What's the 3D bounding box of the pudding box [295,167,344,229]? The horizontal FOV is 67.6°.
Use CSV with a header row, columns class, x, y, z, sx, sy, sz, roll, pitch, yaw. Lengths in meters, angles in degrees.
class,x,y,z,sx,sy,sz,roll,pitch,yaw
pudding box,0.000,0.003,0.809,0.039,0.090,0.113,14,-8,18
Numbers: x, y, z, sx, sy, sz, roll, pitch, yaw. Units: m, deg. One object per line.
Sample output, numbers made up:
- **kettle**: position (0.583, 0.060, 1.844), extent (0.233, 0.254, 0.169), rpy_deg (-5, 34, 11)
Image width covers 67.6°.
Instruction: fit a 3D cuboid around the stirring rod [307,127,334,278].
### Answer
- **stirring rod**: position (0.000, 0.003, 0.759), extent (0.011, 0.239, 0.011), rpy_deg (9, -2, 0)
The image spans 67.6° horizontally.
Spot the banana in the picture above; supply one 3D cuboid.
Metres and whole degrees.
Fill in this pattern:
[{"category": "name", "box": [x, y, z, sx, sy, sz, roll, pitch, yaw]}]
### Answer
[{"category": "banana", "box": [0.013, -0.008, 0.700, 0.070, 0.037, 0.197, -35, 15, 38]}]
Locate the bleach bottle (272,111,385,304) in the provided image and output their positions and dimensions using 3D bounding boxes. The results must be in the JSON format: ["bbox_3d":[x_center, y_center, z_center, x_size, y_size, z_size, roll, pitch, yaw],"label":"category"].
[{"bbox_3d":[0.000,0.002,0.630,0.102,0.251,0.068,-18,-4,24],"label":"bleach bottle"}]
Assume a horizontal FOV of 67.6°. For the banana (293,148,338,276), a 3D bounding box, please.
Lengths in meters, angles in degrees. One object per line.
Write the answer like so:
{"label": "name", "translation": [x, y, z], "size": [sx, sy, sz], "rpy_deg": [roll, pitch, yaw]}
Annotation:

Brief
Once more, write out the records exactly as they are.

Output below
What's the 3D bounding box of the pudding box [295,167,344,229]? The horizontal FOV is 67.6°.
Use CSV with a header row, columns class, x, y, z, sx, sy, sz, roll, pitch, yaw. Lengths in meters, angles in degrees.
class,x,y,z,sx,sy,sz,roll,pitch,yaw
pudding box,0.000,0.003,0.809,0.039,0.090,0.113,14,-8,18
Numbers: x, y, z, sx, sy, sz, roll, pitch, yaw. Units: m, deg. One object per line.
Sample output, numbers made up:
- **kettle**: position (0.583, 0.060, 1.844), extent (0.233, 0.254, 0.169), rpy_deg (-5, 34, 11)
Image width covers 67.6°.
Instruction: fit a 3D cuboid around the stirring rod [307,127,334,278].
### Answer
- **stirring rod**: position (0.000, 0.003, 0.759), extent (0.011, 0.239, 0.011), rpy_deg (9, -2, 0)
The image spans 67.6° horizontally.
Spot the banana in the picture above; supply one 3D cuboid.
Metres and whole degrees.
Fill in this pattern:
[{"category": "name", "box": [x, y, z, sx, sy, sz, roll, pitch, yaw]}]
### Answer
[{"category": "banana", "box": [0.013, -0.008, 0.700, 0.070, 0.037, 0.197, -35, 15, 38]}]
Locate the bleach bottle (272,111,385,304) in the provided image and output their positions and dimensions using 3D bounding boxes. The results must be in the JSON format: ["bbox_3d":[x_center, y_center, z_center, x_size, y_size, z_size, roll, pitch, yaw],"label":"category"].
[{"bbox_3d":[0.000,0.002,0.630,0.102,0.251,0.068,-18,-4,24],"label":"bleach bottle"}]
Assume a horizontal FOV of 67.6°. For the banana (293,148,338,276), a 3D bounding box, please.
Lengths in meters, angles in degrees. One object per line.
Write the answer like so:
{"label": "name", "translation": [x, y, z], "size": [sx, sy, sz], "rpy_deg": [roll, pitch, yaw]}
Annotation:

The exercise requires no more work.